Gerontion – T.S. Eliot

 

 

Non sei né giovane né vecchio 
Ma è come se dormissi dopo pranzo 
Sognando di entrambe queste età.

Eccomi, vecchio in un mese arido, 
Mentre un ragazzo mi legge, aspettando la pioggia. 
Non fui alle gole infuocate 
Né combattei nella calda pioggia
Né col ginocchio affondato dentro paludi salmastre 
Combattei, agitando una daga, e morso dalle mosche. 
La mia casa è una casa in rovina, 
E l’ebreo si rannicchia al davanzale, il padrone, 
Generato in qualche taverna d’Anversa, 
A Bruxelles pieno di vesciche, a Londra cencioso e spiantato. 
La capra a notte tossisce nel campo che sta dietro; 
Rocce, muschio, gramigna, ferrivecchi, merde. 
La donna tiene la cucina, fa il tè, 
Di sera sternuta, rovistando nello scolo che sgocciola. 
Io un vecchio, 
Una testa intronata fra spazi ventosi. 

I segni sono presi per miracoli. « Vogliamo vedere un segno! » 
La parola in una parola, incapace di dire una parola, 
Fasciata di tenebra. Nell’adolescenza dell’anno 
Venne Cristo la tigre 
Nel maggio depravato, corniolo e castagno, albero di Giuda 
In fiore, per essere mangiato, per essere spartito, per essere bevuto 
Fra i bisbigli; da Mr. Silvero 
Con mani carezzevoli, che a Limoges
Camminò tutta la notte nella stanza accanto; 

Da Hakagawa, che si inchinava fra i Tiziano; 
Da Madame de Tornquist, che nella stanza buia 
Spostava le candele, da Fräulein von Kulp 
Che nel salone si volse, una mano alla porta. Spole vuote 
Tessono il vento. Io non ho spettri, 
Un vecchio in una casa con correnti d’aria 
Sotto un gomitolo di vento. 

Dopo una tale conoscenza, cos’è mai il perdono?

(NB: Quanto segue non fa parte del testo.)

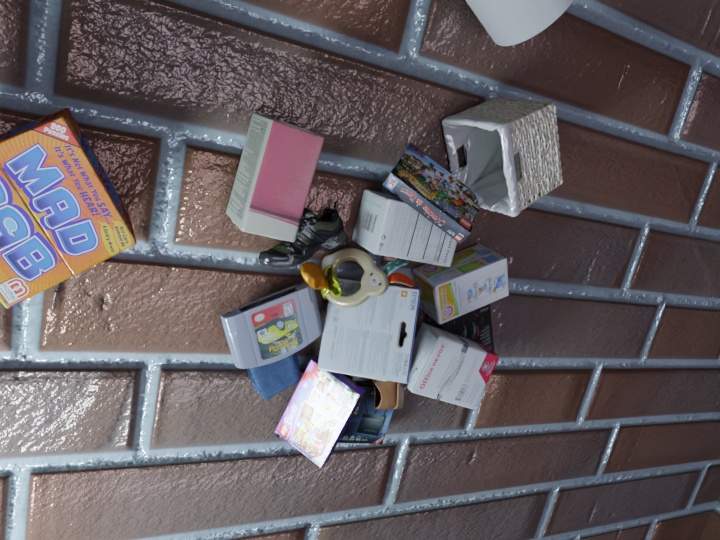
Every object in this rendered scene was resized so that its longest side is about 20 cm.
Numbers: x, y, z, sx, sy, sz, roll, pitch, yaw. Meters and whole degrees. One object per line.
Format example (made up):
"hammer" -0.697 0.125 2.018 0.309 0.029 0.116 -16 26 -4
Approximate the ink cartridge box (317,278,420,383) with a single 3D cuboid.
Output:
"ink cartridge box" 0.020 0.126 1.169 0.197 0.043 0.200 8 80 11

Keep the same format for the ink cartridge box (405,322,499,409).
"ink cartridge box" 0.204 0.224 1.290 0.198 0.083 0.147 21 99 -29

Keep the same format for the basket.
"basket" 0.304 -0.251 1.189 0.160 0.199 0.200 -28 119 -21

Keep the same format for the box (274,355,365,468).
"box" -0.091 0.312 1.223 0.202 0.136 0.039 -62 163 14

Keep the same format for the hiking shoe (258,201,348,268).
"hiking shoe" -0.123 -0.074 1.117 0.198 0.075 0.102 -23 110 -28

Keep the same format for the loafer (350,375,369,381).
"loafer" 0.059 0.244 1.311 0.197 0.071 0.070 11 147 -25

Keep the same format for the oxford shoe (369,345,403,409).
"oxford shoe" 0.055 0.217 1.231 0.070 0.071 0.203 -5 98 -17

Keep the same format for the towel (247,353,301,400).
"towel" -0.196 0.166 1.174 0.111 0.048 0.203 -23 116 -22

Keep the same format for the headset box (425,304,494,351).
"headset box" 0.252 0.162 1.382 0.147 0.075 0.203 -20 116 -18

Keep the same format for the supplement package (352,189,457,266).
"supplement package" 0.102 -0.091 1.189 0.198 0.117 0.119 9 102 -29

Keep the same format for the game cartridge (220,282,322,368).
"game cartridge" -0.173 0.116 1.122 0.198 0.041 0.135 -22 120 -24

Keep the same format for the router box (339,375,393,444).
"router box" -0.017 0.330 1.317 0.198 0.062 0.152 11 102 -29

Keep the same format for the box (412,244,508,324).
"box" 0.235 0.029 1.303 0.198 0.112 0.103 -20 118 -18

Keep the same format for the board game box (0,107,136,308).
"board game box" -0.487 -0.106 0.837 0.198 0.200 0.202 -30 119 -15

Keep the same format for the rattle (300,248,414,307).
"rattle" 0.000 0.000 1.111 0.143 0.197 0.132 66 32 -55

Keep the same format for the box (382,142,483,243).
"box" 0.154 -0.162 1.139 0.199 0.137 0.038 36 133 -5

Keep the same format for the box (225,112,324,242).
"box" -0.160 -0.172 1.020 0.108 0.128 0.203 11 104 -30

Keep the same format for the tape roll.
"tape roll" 0.306 -0.564 1.068 0.139 0.202 0.204 38 89 -33
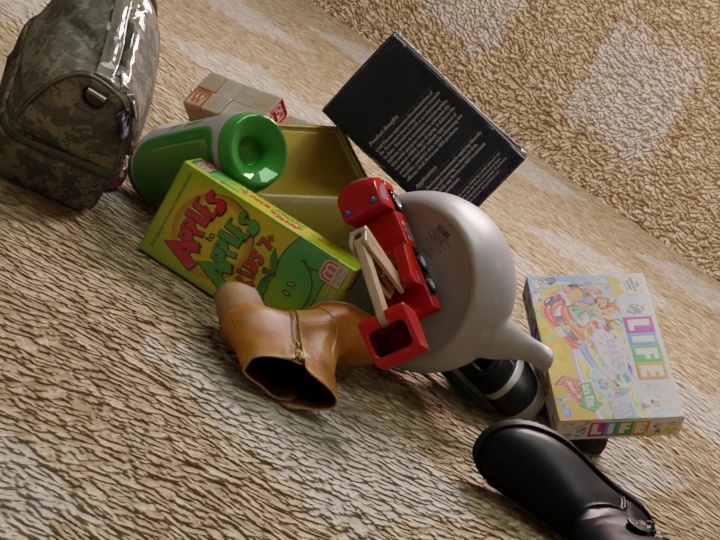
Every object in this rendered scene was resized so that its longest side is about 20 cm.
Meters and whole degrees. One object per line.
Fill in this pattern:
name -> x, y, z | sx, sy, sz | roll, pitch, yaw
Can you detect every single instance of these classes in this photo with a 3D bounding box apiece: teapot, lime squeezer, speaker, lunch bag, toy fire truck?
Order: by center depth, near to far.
toy fire truck -> 0.021, -0.002, 1.553 | 0.141, 0.049, 0.200 | 21, 45, -67
lunch bag -> -0.271, -0.184, 1.611 | 0.139, 0.168, 0.200 | 24, 42, -19
teapot -> 0.083, 0.010, 1.688 | 0.197, 0.201, 0.146 | -7, -5, 34
speaker -> -0.163, -0.115, 1.717 | 0.088, 0.089, 0.200 | 21, -16, -35
lime squeezer -> 0.039, 0.079, 1.756 | 0.200, 0.038, 0.071 | 29, 44, -8

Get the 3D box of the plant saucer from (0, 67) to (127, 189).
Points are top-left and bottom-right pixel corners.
plant saucer -> -0.334, -0.158, 1.757 | 0.200, 0.051, 0.201 | 28, 13, -7

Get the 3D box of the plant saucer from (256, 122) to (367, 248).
plant saucer -> -0.072, -0.104, 1.813 | 0.200, 0.049, 0.200 | 1, 39, -24

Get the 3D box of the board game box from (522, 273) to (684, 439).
board game box -> 0.256, 0.089, 1.757 | 0.134, 0.034, 0.200 | -2, 48, -8

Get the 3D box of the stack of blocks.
stack of blocks -> -0.110, -0.154, 1.994 | 0.200, 0.059, 0.115 | 23, -31, 29

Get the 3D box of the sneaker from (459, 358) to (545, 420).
sneaker -> 0.134, 0.076, 1.793 | 0.112, 0.073, 0.200 | 48, 6, -27

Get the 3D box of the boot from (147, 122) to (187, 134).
boot -> -0.151, -0.095, 1.885 | 0.200, 0.072, 0.144 | 20, 18, -50

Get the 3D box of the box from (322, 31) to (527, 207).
box -> 0.071, -0.155, 1.843 | 0.197, 0.124, 0.200 | 45, 5, -2

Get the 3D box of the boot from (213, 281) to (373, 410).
boot -> -0.039, 0.083, 1.500 | 0.201, 0.071, 0.144 | 19, 23, -30

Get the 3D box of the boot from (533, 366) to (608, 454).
boot -> 0.236, 0.103, 1.855 | 0.200, 0.131, 0.068 | 39, 15, 32

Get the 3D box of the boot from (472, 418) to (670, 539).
boot -> 0.199, 0.220, 1.464 | 0.200, 0.076, 0.168 | 34, 9, -12

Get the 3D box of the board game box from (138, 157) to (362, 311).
board game box -> -0.106, -0.014, 1.609 | 0.200, 0.102, 0.048 | 32, 15, 8
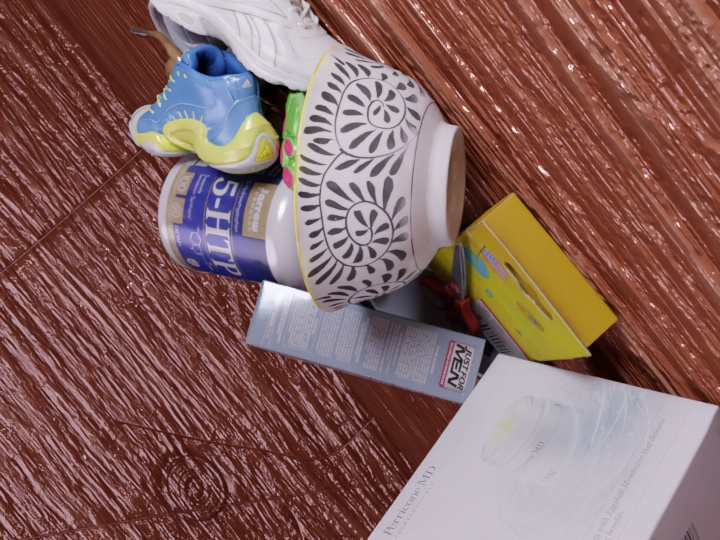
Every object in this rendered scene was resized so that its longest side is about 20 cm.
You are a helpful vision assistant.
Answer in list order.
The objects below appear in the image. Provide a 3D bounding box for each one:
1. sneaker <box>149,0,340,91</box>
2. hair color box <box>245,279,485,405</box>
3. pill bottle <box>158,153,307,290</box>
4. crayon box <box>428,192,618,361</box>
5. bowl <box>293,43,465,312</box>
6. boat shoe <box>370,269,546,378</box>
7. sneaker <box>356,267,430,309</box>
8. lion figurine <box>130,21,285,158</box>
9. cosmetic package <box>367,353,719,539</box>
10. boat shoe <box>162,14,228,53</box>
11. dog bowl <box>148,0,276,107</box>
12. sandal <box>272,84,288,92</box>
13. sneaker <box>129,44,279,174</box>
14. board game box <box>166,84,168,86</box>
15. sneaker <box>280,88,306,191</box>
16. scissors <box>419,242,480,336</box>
[{"bbox_3d":[-0.079,-0.222,0.734,0.199,0.100,0.078,29,-154,2],"label":"sneaker"},{"bbox_3d":[0.006,0.067,0.796,0.199,0.061,0.099,15,174,5],"label":"hair color box"},{"bbox_3d":[-0.078,-0.045,0.831,0.199,0.120,0.120,10,148,28],"label":"pill bottle"},{"bbox_3d":[0.127,0.012,0.716,0.127,0.051,0.200,51,171,0],"label":"crayon box"},{"bbox_3d":[0.026,-0.066,0.662,0.094,0.202,0.201,4,152,15],"label":"bowl"},{"bbox_3d":[0.092,0.057,0.888,0.199,0.074,0.068,26,172,-8],"label":"boat shoe"},{"bbox_3d":[0.000,0.000,0.925,0.200,0.146,0.081,54,-166,-32],"label":"sneaker"},{"bbox_3d":[-0.141,-0.175,0.880,0.199,0.073,0.123,30,-168,-24],"label":"lion figurine"},{"bbox_3d":[0.151,0.189,0.669,0.199,0.200,0.123,8,140,47],"label":"cosmetic package"},{"bbox_3d":[-0.154,-0.267,0.863,0.062,0.072,0.201,56,-168,-53],"label":"boat shoe"},{"bbox_3d":[-0.184,-0.268,1.083,0.200,0.059,0.200,48,169,12],"label":"dog bowl"},{"bbox_3d":[-0.072,-0.195,0.885,0.076,0.043,0.200,40,165,48],"label":"sandal"},{"bbox_3d":[-0.146,-0.155,0.797,0.199,0.076,0.106,18,122,40],"label":"sneaker"},{"bbox_3d":[-0.155,-0.125,1.031,0.200,0.061,0.201,-153,41,-84],"label":"board game box"},{"bbox_3d":[-0.026,-0.121,0.767,0.200,0.083,0.077,-96,13,-62],"label":"sneaker"},{"bbox_3d":[0.088,0.021,0.749,0.073,0.014,0.200,51,169,5],"label":"scissors"}]
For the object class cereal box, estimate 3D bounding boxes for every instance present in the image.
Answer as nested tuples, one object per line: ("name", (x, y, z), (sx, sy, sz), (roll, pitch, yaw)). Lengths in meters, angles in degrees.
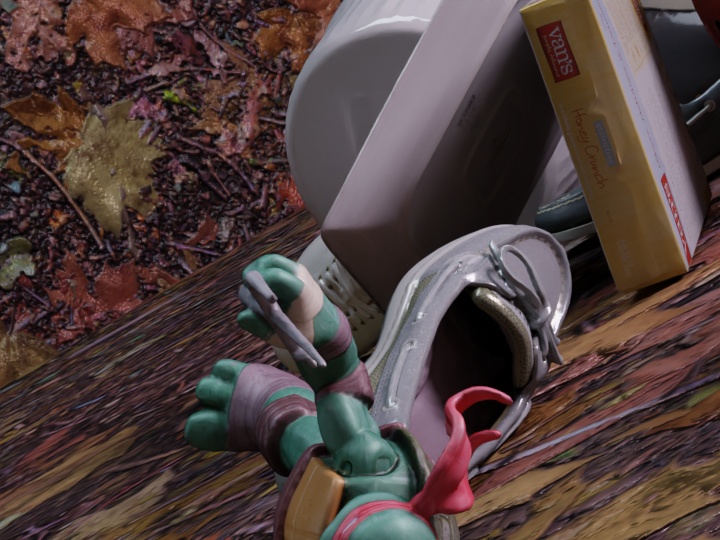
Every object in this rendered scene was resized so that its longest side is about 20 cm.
("cereal box", (0.130, -0.079, 1.193), (0.039, 0.144, 0.200), (-19, 7, 15))

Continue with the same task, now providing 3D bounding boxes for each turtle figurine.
("turtle figurine", (-0.019, 0.080, 0.756), (0.200, 0.100, 0.150), (169, 120, -79))

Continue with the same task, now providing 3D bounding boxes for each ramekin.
("ramekin", (0.050, -0.088, 1.494), (0.200, 0.201, 0.098), (-26, 14, 31))

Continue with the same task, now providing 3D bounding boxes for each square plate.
("square plate", (0.060, -0.067, 1.249), (0.201, 0.028, 0.198), (-62, -22, -10))

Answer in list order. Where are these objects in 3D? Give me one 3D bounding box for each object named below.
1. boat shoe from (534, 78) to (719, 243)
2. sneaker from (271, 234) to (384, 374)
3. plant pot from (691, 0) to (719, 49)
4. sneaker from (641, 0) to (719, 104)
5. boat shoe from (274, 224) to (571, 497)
("boat shoe", (0.181, -0.080, 1.393), (0.199, 0.062, 0.073), (-29, 5, -3))
("sneaker", (0.000, 0.000, 1.394), (0.200, 0.073, 0.085), (-43, -8, 34))
("plant pot", (0.285, -0.186, 1.250), (0.195, 0.201, 0.201), (-40, 9, -21))
("sneaker", (0.239, -0.123, 1.546), (0.199, 0.107, 0.075), (9, 5, 34))
("boat shoe", (0.040, 0.041, 0.951), (0.065, 0.075, 0.202), (-17, 15, 38))
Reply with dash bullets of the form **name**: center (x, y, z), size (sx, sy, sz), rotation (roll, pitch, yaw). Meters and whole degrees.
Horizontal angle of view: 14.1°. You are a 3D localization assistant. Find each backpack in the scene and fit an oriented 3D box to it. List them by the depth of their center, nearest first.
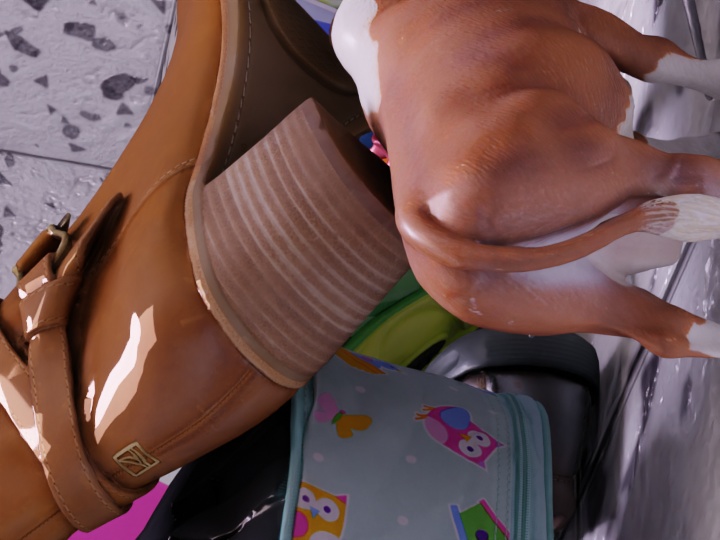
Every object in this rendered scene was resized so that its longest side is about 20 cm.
- **backpack**: center (-0.004, 0.125, 0.835), size (0.176, 0.153, 0.200), rotation (-84, 8, -56)

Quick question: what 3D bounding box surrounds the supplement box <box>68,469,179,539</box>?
- **supplement box**: center (-0.052, 0.145, 1.049), size (0.200, 0.103, 0.101), rotation (78, 171, -51)

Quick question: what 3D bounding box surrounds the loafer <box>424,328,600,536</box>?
- **loafer**: center (0.028, 0.087, 0.975), size (0.200, 0.072, 0.063), rotation (116, 156, -58)

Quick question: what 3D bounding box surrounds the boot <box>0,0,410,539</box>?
- **boot**: center (-0.066, -0.009, 0.836), size (0.155, 0.074, 0.200), rotation (-41, 24, 12)

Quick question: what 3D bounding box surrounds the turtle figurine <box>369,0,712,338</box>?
- **turtle figurine**: center (0.054, -0.089, 0.905), size (0.150, 0.100, 0.200), rotation (113, 171, -50)

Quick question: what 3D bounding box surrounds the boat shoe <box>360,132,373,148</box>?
- **boat shoe**: center (0.032, -0.072, 1.163), size (0.200, 0.084, 0.069), rotation (-44, 26, 50)

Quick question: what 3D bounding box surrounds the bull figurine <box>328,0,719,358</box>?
- **bull figurine**: center (0.049, -0.040, 0.763), size (0.200, 0.121, 0.065), rotation (-94, 16, -59)

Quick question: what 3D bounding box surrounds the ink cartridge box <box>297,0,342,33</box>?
- **ink cartridge box**: center (0.005, -0.144, 1.200), size (0.042, 0.119, 0.200), rotation (-80, 4, -49)

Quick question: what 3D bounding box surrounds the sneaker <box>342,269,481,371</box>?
- **sneaker**: center (0.000, 0.000, 0.995), size (0.200, 0.084, 0.074), rotation (-37, -12, -42)

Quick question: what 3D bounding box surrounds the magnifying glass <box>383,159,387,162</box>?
- **magnifying glass**: center (-0.022, -0.003, 0.922), size (0.079, 0.200, 0.022), rotation (1, 119, 46)

Ora penso 
Che la storia abbia molti passaggi nascosti, e corridoi tortuosi 
E varchi, e che ci inganni con bisbiglianti ambizioni, 
E che ci guidi con le vanità. Ora penso che dia 
Quando la nostra attenzione è distratta, 
E che quanto ci dà lo dia con turbamenti 
Così lusinghieri che il dato affama ciò che si desidera. E ci dà 
Troppo tardi ciò in cui più non si crede, o se ancora 
Ci crediamo, soltanto nel ricordo, come passioni riconsiderate. 
E troppo presto dà in deboli mani, ciò che è pensato può essere 
Dispensato, finché il rifiuto propaga la paura. Penso 
Che né paura né coraggio ci salvino. I vizi innaturali
Hanno per padre il nostro eroismo. Le virtù 
Ci sono imposte dai nostri impudenti delitti. 
Queste lacrime sono scosse dall’albero che arreca la collera. 

La tigre balza nell’anno nuovo. Ci divora. Infine, 
Penso che non giungemmo a conclusione, quando m’irrigidii 
In una casa d’affitto. Infine, 
Penso d’averlo detto per un preciso scopo, e non perché costretto 

Dalle blandizie dei demoni che guardano al passato. 
Su questo, onestamente ti vorrei rispondere. 
Io che ero presso al tuo cuore ne fui scacciato 
Perdendo la bellezza nel terrore, il terrore nella ricerca. 
Ho perduto la mia passione: perché dovrei conservarla 
Se ciò che si conserva si contamina? 
Ho perduto la vista e l’odorato, l’udito, il gusto e il tatto: 
Come li potrò usare per esserti più accanto? 

Questi, con mille futili decisioni 
Prolungano il profitto del loro gelido delirio, 
Eccitano la membrana, quando il senso si è raffreddato, 
Con salse pungenti, moltiplicano la varietà 
In una desolazione di specchi. Cosa farà il ragno? 
Sospenderà le sue mosse, o indugerà 
Il tonchio? da Bailhache, Fresca, Mrs. Cammel, roteavano 
Oltre l’orbita dell’Orsa tremolante 
In atomi infranti. Gabbiano controvento, negli stretti ventosi 
Di Belle Isle, o rapido sull’Horn, 
Piume bianche nella neve, i richiami del Golfo, 
E un vecchio sospinto dagli Alísei In un angolo di sonno. 

Padroni della casa, 
I pensieri di un arido cervello in un’arida stagione.